What is the "Time" column in the fix ave/correlate/long output?

I am using the following code to compute the components needed to calculate the stress relaxation modulus G(t) according to Eq. 4 in Ref:

compute c_stressA all stress/atom

compute pA1 all reduce sum c_stressA[1]
compute pA2 all reduce sum c_stressA[2]
compute pA3 all reduce sum c_stressA[3]
compute pA4 all reduce sum c_stressA[4]
compute pA5 all reduce sum c_stressA[5]
compute pA6 all reduce sum c_stressA[6]

variable nxy equal c_pA1-c_pA2
variable nxz equal c_pA1-c_pA3
variable nyz equal c_pA2-c_pA3

fix 5 all ave/correlate/long 1 1000 c_pA1 c_pA2 c_pA3 c_pA4 c_pA5 c_pA6 v_nxy v_nxz v_nyz type auto nlen 16 ncount 2 ncorr 30 file output-folder/output-file.out.correlate.txt

Naïvely, I would expect the output to have rows, one row for each time-step at which to output, containing the auto-correlated values of all the variables & computes I pass.
However, the output of the fix ave/correlate/long contains sections, one for each time-step at which LAMMPS outputs, each section with an additional column “Time”.

My question is, what does this “Time” column represent, where does it come from, which “Time” do I want to use to plot G(t) vs t?
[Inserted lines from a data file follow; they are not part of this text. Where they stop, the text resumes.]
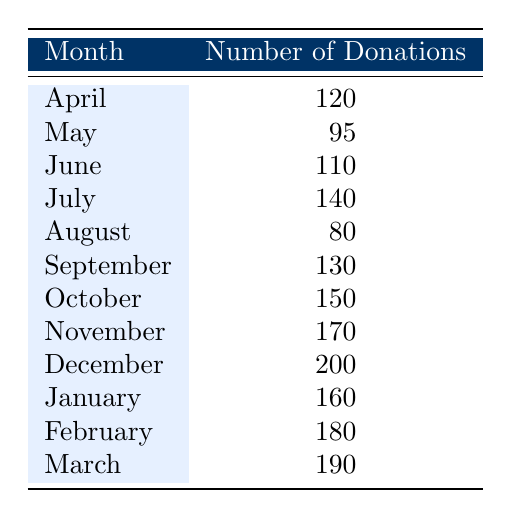What was the month with the highest number of donations? By examining the table, I see that December has the highest number of donations, with 200 donations recorded.
Answer: December What is the number of donations received in June? The table shows that June received 110 donations.
Answer: 110 Which month had fewer donations: April or August? According to the table, April had 120 donations and August had 80 donations; therefore, August had fewer donations.
Answer: August What is the total number of donations received in the first half of the fiscal year (April to September)? To find this, I add the donations from April (120), May (95), June (110), July (140), August (80), and September (130). The total is 120 + 95 + 110 + 140 + 80 + 130 = 775 donations.
Answer: 775 True or False: January had more donations than November. The table indicates January had 160 donations and November had 170 donations, making this statement false.
Answer: False What was the average number of donations received from October to March? First, I add the donations from October (150), November (170), December (200), January (160), February (180), and March (190) to get a total of 1,050 donations. Since there are 6 months, I then divide 1,050 by 6, resulting in an average of 175 donations.
Answer: 175 How many months had more than 150 donations? By reviewing the table, I see that October (150), November (170), December (200), January (160), February (180), and March (190) had more than 150 donations. This totals to 5 months, as August (80) and May (95) are below that number.
Answer: 5 Which two consecutive months had the lowest combined donations? Looking at the number of donations, August had 80 and September had 130, resulting in a combined total of 210. In contrast, May (95) and June (110) total 205. The two consecutive months with the lowest donations were May and June.
Answer: May and June How many donations did we receive in the last quarter of the fiscal year (January to March)? I add the donations for the last quarter: January (160), February (180), and March (190). The total equals 160 + 180 + 190 = 530 donations in that quarter.
Answer: 530 
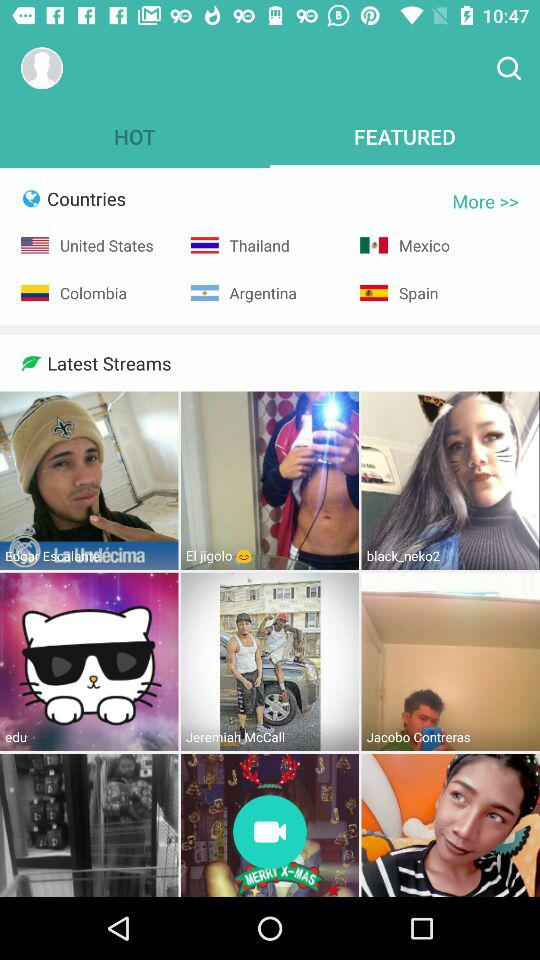What are the country options available? The country options available are "United States", "Thailand", "Mexico", "Colombia", "Argentina" and "Spain".

This is a question I should in theory be able to answer by reading the code of LAMMPS, which I am currently doing, but it seems to be more involved than I might have hoped. I would update this post if/when I do find an answer.
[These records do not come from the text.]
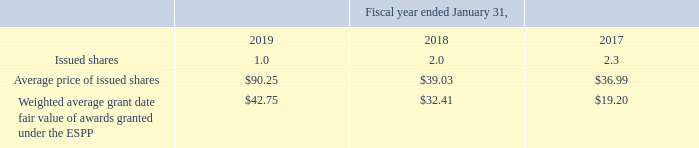1998 Employee Qualified Stock Purchase Plan (“ESPP”)
Under Autodesk’s ESPP, which was approved by stockholders in 1998, eligible employees may purchase shares of Autodesk’s common stock at their discretion using up to 15% of their eligible compensation, subject to certain limitations, at 85% of the lower of Autodesk's closing price (fair market value) on the offering date or the exercise date. The offering period for ESPP awards consists of four, six-month exercise periods within a 24-month offering period.
At January 31, 2019, a total of 8.1 million shares were available for future issuance. Under the ESPP, the Company issues shares on the first trading day following March 31 and September 30 of each fiscal year. The ESPP does not have an expiration date.
A summary of the ESPP activity for the fiscal years ended January 31, 2019, 2018 and 2017 is as follows:
Autodesk recorded $27.2 million, $25.7 million, and $25.9 million of compensation expense associated with the ESPP in fiscal 2019, 2018, and 2017, respectively.
At January 31, 2019, how many shares were available for future issuance? 8.1 million. What is the offering period for ESPP awards? The offering period for espp awards consists of four, six-month exercise periods within a 24-month offering period. What was the average price of issued shares in the fiscal year ended 2018? $39.03. What was the average compensation expense over the period from 2017 to 2019?
Answer scale should be: million. (27.2+25.7+25.9)/3
Answer: 26.27. What is the change in the weighted average grant date fair value of awards granted under the ESPP from 2017 to 2018? 32.41-19.2
Answer: 13.21. What was the average compensation expense over the period from 2017 to 2019? (27.2+25.7+25.9)/3 
Answer: 26.27. 
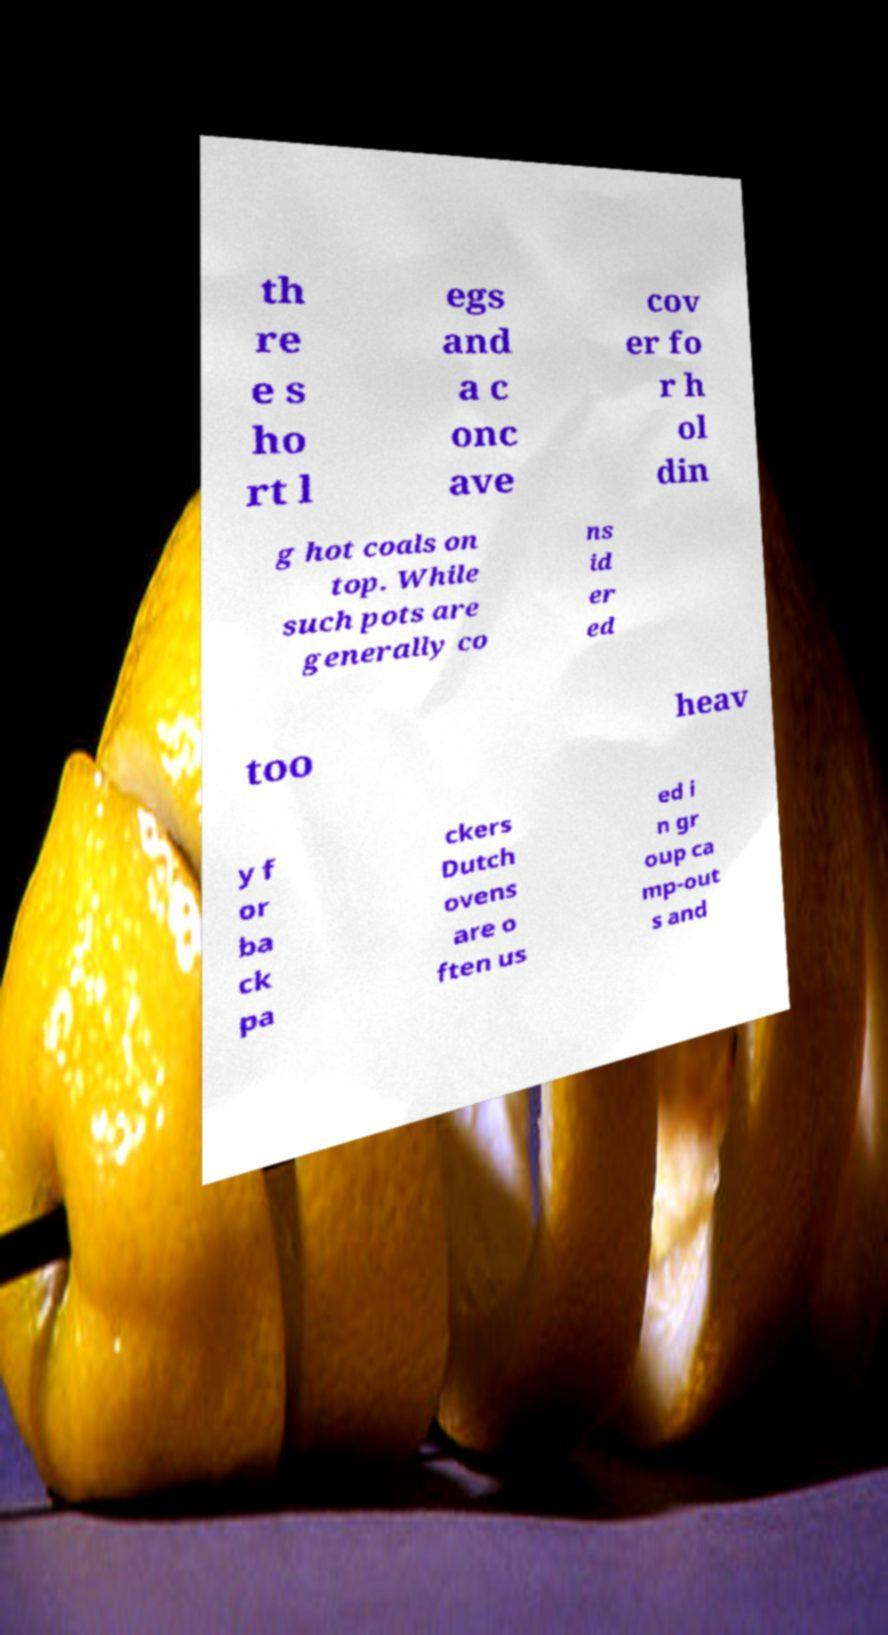Could you assist in decoding the text presented in this image and type it out clearly? th re e s ho rt l egs and a c onc ave cov er fo r h ol din g hot coals on top. While such pots are generally co ns id er ed too heav y f or ba ck pa ckers Dutch ovens are o ften us ed i n gr oup ca mp-out s and

My current understanding is, that the “Time” column in the output of the fix ave/correlate/long command in LAMMPS represents the time delay between two data points being correlated. It is calculated by multiplying the number of time steps between two data points by the time step size.
Therefore, if I need <\sigma_xy(0) \sigma_xy(t)>, what I want is only the last line of each section.

Hi @GenieTim,

As far as I can remember the output of ave/correlate/long is the same format as the output from ave/correlate. According to the doc:

  • The first column has the time \Delta{}t (in time steps) between the pairs of input values used to calculate the correlation, as described above.